Swarm Arena Tournament, Other News

I want to apologize for the delay in posting about the tournament.  Unfortunately we've only had 6 people show interest in playing.  While this would be more than enough people for a fun LAN-party style evening, chances are it will be extremely difficult to arrange for all of us to be online and free in the same evening.

Given that there are so few people to play in Swarm Arena, I am no longer suddenly enlightened with ideas for strategy posts.  I'd be lying if I said that I could keep posting regularly.  However, given how much I have enjoyed writing about Swarm Arena and how many people have visited the Real Gaming Review, I plan on releasing a review for the strategy game Greed Corp, available on Steam, within the next week.  If there is some interest, I will blog about Greed Corp strategy as well.  For anyone interested, Greed is a turn-based strategy game where you destroy the land by harvesting from it.  This has some pretty interesting, different, and non-linear implications on the gameplay.  It's a good game, and it has a campaign worth playing.  I got it on sale, but I'm about 3/4 through the campaign and I've already got much more than the regular price of $10 out of it.

Company of Heroes Online is currently it its free Beta cycle, and it will be that way until March 31st.  There is a good chance I'll be playing more of it.  I missed the wave where CoH was popular, so now is my chance to learn and get some good competition for the next couple of months.  For those of you who don't know, CoH is the highest rated RTS of all time, and for good reason; it has fantastic strategic depth, excellent graphics (especially for 2007), and a great atmosphere.  It is likely that I will be posting about CoHO as well.

Lastly, I recommend visiting http://www.realgamingreview.com .  It currently redirects here, but soon it will be a different site with all currently existing content uploaded as well.  I plan on using it for many gaming purposes including news, finding other like-minded gamers, as well as a homepage for Clan RG (Real Gamers), a brand new idea for an open clan that anyone can join.  And, of course, I will be posting reviews and game strategy as a primary function.

Daniel Moniz

Tuesday, February 1, 2011

Swarm: Arena #6 - Playing to Learn

Believe it or not, Swarm Arena is not the only game I play.  Indeed, I recently entered a Starcraft II tournament. It having been a long time since I've been in any sort of gaming tournament, the old feelings of excitement and nervousness are back! Given that I'm currently gauging interest in a tournament within the Swarm Arena community, I was inspired to write a post about 'sparring'.

Sparring is, as it sounds, practicing any game against an opponent. I think it's important that the match is competitive, or else it should be more accurately classified as "dicking around". Sparring is when we ask our friends to help us try out that new strategy, or perhaps to have a mock tornament best-of-5 match of some sort. This is when we're playing to learn.

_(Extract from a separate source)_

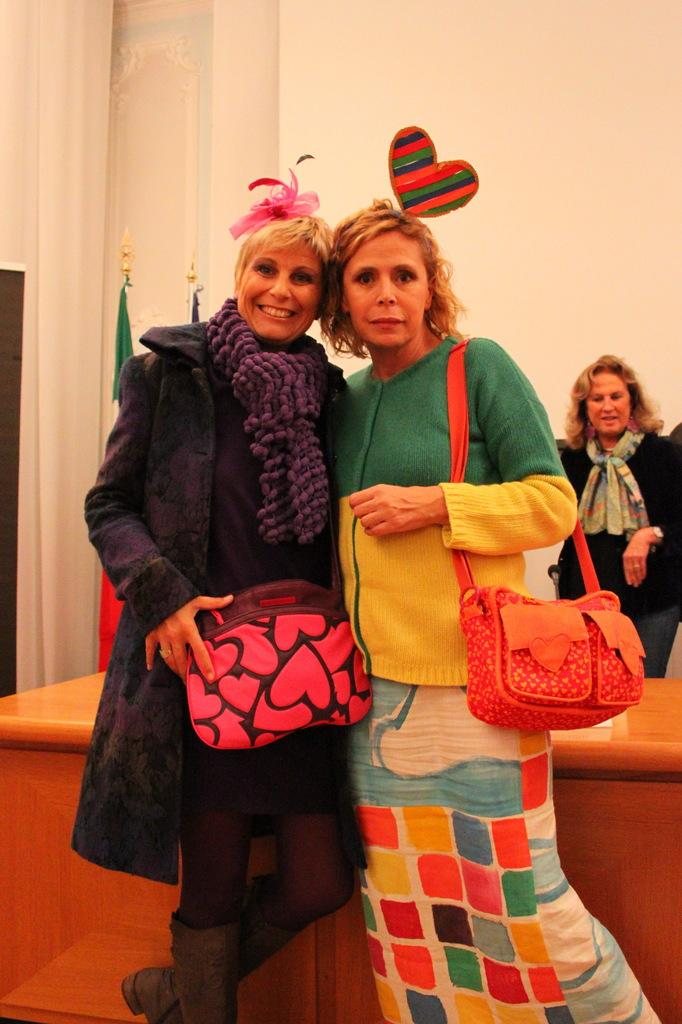How many women are present in the image? There are two women in the image. What are the women holding? The women are holding bags. Can you describe the facial expression of one of the women? One of the women is smiling. What can be seen in the background of the image? There are flags, a table, another woman, and a wall in the background of the image. What type of drum is being played by the woman's aunt in the image? There is no aunt or drum present in the image.

This definition has some pretty profound consequences. I run into many gamers in multitudes of games who perform the same techniques/strategies over and over again and stunt their own learning.  We tend to brand these people with the pejorative term 'scrubs', but ultimately a scrub is only someone as above who also thinks they are competitive. Let's leave those fun-loving gamers alone and not brand them with mean names!

An extreme example of Pikaaa (Red) and myself (Green) playing to learn in an experimental fashion.

Playing To Learn

When we play to learn, we experiment with new techniques and play styles that we might not have otherwise discovered.  An excellent example is the following: two friends play against each other regularly.  Because neither of them can figure out shoot, they declare, "Circulate is better than Shoot."  If either of them would take the time to learn the physics - and through that the true potential - of the power, they would drastically increase their skill level.  Indeed, if either of them were to play a higher-level player on the ladder, they would be outmatched (to put it lightly).

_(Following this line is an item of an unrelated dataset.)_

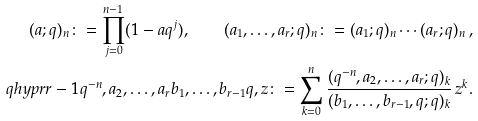<formula> <loc_0><loc_0><loc_500><loc_500>( a ; q ) _ { n } \colon = \prod _ { j = 0 } ^ { n - 1 } ( 1 - a q ^ { j } ) , \quad ( a _ { 1 } , \dots , a _ { r } ; q ) _ { n } \colon = ( a _ { 1 } ; q ) _ { n } \cdots ( a _ { r } ; q ) _ { n } \, , \\ \ q h y p r { r - 1 } { q ^ { - n } , a _ { 2 } , \dots , a _ { r } } { b _ { 1 } , \dots , b _ { r - 1 } } { q , z } \colon = \sum _ { k = 0 } ^ { n } \frac { ( q ^ { - n } , a _ { 2 } , \dots , a _ { r } ; q ) _ { k } } { ( b _ { 1 } , \dots , b _ { r - 1 } , q ; q ) _ { k } } \, z ^ { k } .</formula> 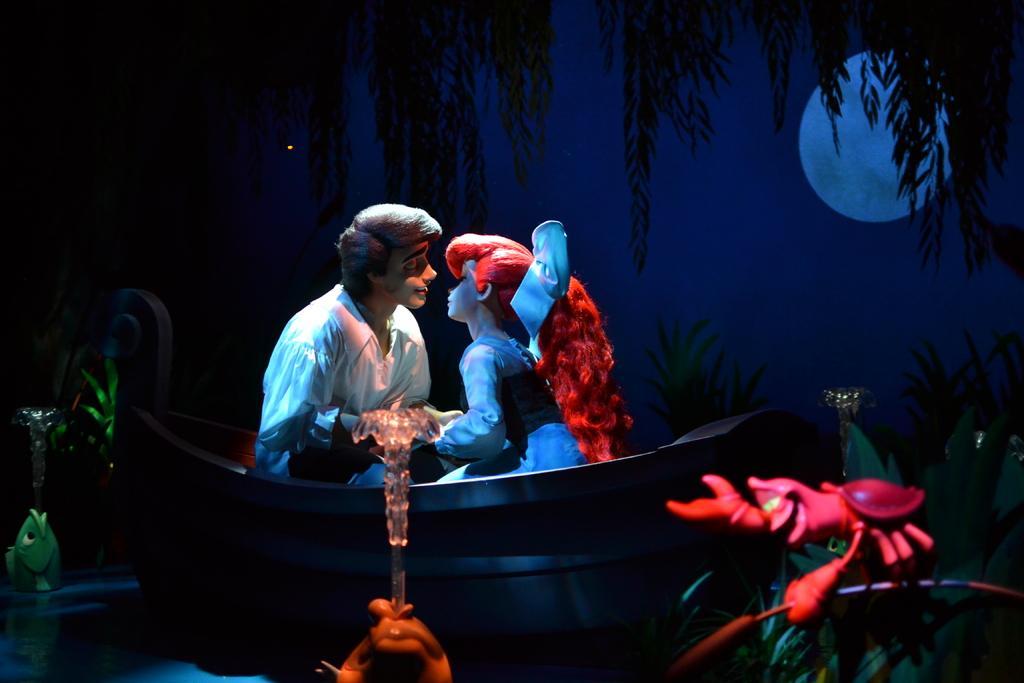Can you describe this image briefly? In the image we can see an animated picture of two people sitting and wearing clothes. Here we can see the water, trees, moon and the sky.

Examples of more successful (and more interesting) plays, especially by Red (Pikaaa).

In actual fact, the first video contains some samples of the outcome of myself telling Pikaaa that we are going to play experimentally.  When then played as we normally do, and all kinds of experimentation still occurred!  The purpose of this experimentation is to find new techniques that we can perfect and use as standard moves on the ladder.  Leaving at that would be selling it short, however; discovering and trying new risky plays can leave your opponent guessing, especially at the vital beginning of each game.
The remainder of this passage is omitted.